Pictures excluded, please retype exactly the lines from the start of the data through the line that contains "5) car (469,442,513,465)", both ends kept, and nothing beyond them.

(Beginning of Extracted data)

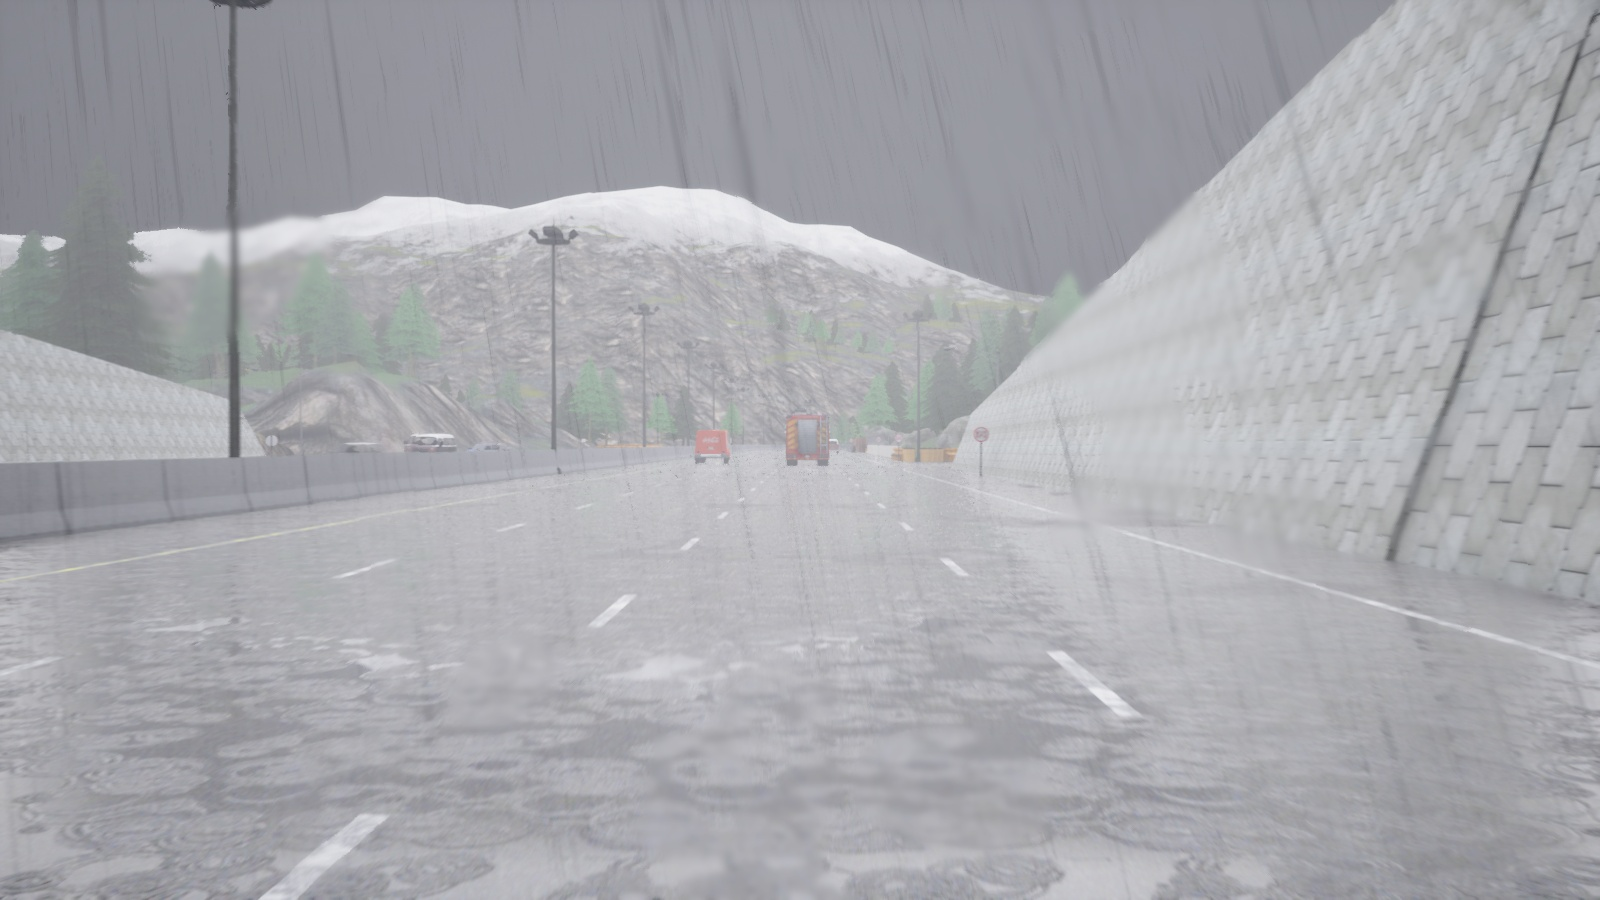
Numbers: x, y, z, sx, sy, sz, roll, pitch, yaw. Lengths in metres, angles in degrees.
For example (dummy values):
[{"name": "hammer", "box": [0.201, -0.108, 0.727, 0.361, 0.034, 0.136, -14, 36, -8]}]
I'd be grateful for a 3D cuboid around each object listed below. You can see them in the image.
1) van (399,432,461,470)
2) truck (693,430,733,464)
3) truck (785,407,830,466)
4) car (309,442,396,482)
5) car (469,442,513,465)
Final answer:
[{"name": "van", "box": [-20.591, 0.065, 70.052, 2.069, 2.038, 4.480, 0, 0, 0]}, {"name": "truck", "box": [-6.458, -0.265, 93.724, 2.627, 2.467, 5.204, 0, 1, 0]}, {"name": "truck", "box": [0.500, -0.897, 86.017, 2.891, 3.827, 8.468, 0, 0, 0]}, {"name": "car", "box": [-17.215, 0.427, 48.462, 1.970, 1.475, 3.806, 0, 0, 0]}, {"name": "car", "box": [-20.516, 0.229, 83.406, 1.970, 1.475, 3.806, 0, 0, 0]}]

(End of Extracted data)

Solution
Numbers: x, y, z, sx, sy, sz, roll, pitch, yaw. Lengths in metres, angles in degrees.
For example (dummy values):
[{"name": "hammer", "box": [0.201, -0.108, 0.727, 0.361, 0.034, 0.136, -14, 36, -8]}]
I'd be grateful for a 3D cuboid around each object listed below. You can see them in the image.
1) van (399,432,461,470)
2) truck (693,430,733,464)
3) truck (785,407,830,466)
4) car (309,442,396,482)
5) car (469,442,513,465)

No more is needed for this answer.